▶ _THE TASK_: With the material below, print exactly the lines between the line holding "4. suitcase [449, 349, 639, 479]" and the line holding "13. whistle [480, 115, 575, 203]", inclusive. Add nothing else.
╭─ TASK MATERIAL
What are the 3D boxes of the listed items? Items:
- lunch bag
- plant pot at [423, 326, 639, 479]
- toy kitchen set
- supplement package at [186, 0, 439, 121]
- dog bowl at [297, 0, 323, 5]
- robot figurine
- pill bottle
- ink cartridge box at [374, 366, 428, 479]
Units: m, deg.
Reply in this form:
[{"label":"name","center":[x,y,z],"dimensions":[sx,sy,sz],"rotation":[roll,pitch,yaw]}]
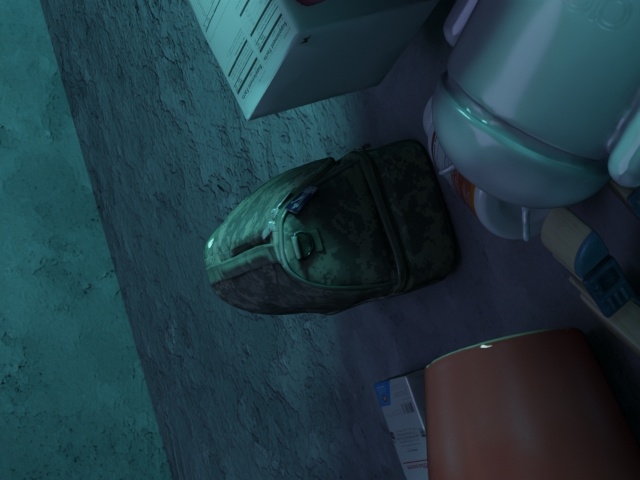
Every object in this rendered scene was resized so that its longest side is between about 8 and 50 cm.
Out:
[{"label":"lunch bag","center":[0.000,0.000,1.907],"dimensions":[0.305,0.256,0.212],"rotation":[-19,89,63]},{"label":"plant pot","center":[0.241,0.242,1.622],"dimensions":[0.275,0.275,0.243],"rotation":[137,123,-61]},{"label":"toy kitchen set","center":[0.352,0.012,1.472],"dimensions":[0.122,0.166,0.207],"rotation":[47,180,41]},{"label":"supplement package","center":[-0.032,-0.318,1.649],"dimensions":[0.262,0.199,0.198],"rotation":[63,150,15]},{"label":"dog bowl","center":[0.089,-0.382,1.397],"dimensions":[0.150,0.408,0.408],"rotation":[58,155,-11]},{"label":"robot figurine","center":[0.236,-0.178,1.356],"dimensions":[0.300,0.200,0.353],"rotation":[48,122,41]},{"label":"pill bottle","center":[0.196,-0.100,1.596],"dimensions":[0.216,0.121,0.121],"rotation":[-120,25,-56]},{"label":"ink cartridge box","center":[0.151,0.276,2.002],"dimensions":[0.104,0.060,0.180],"rotation":[-26,82,62]}]
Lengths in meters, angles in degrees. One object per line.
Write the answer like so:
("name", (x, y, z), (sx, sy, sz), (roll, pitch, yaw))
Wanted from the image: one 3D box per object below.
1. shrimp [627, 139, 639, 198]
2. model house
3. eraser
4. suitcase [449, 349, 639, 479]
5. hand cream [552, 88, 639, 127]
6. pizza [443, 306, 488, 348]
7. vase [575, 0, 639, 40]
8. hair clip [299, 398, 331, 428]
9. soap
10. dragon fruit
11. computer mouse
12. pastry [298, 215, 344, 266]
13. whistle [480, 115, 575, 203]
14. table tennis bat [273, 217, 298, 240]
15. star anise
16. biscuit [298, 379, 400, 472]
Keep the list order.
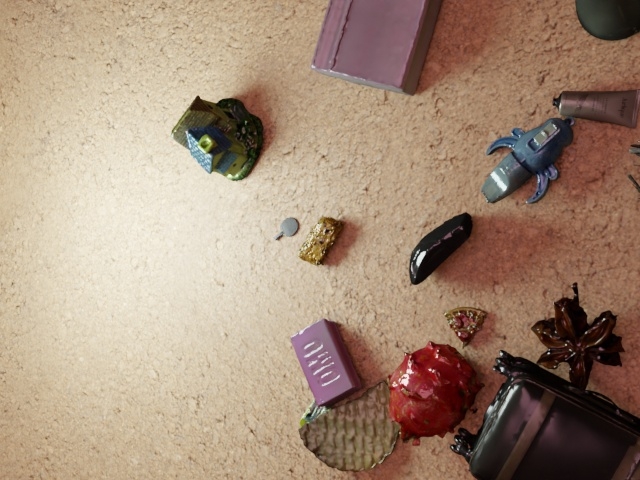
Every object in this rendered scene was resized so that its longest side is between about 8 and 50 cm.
╰─
▶ _REPLY TO THE TASK_:
4. suitcase [449, 349, 639, 479]
5. hand cream [552, 88, 639, 127]
6. pizza [443, 306, 488, 348]
7. vase [575, 0, 639, 40]
8. hair clip [299, 398, 331, 428]
9. soap
10. dragon fruit
11. computer mouse
12. pastry [298, 215, 344, 266]
13. whistle [480, 115, 575, 203]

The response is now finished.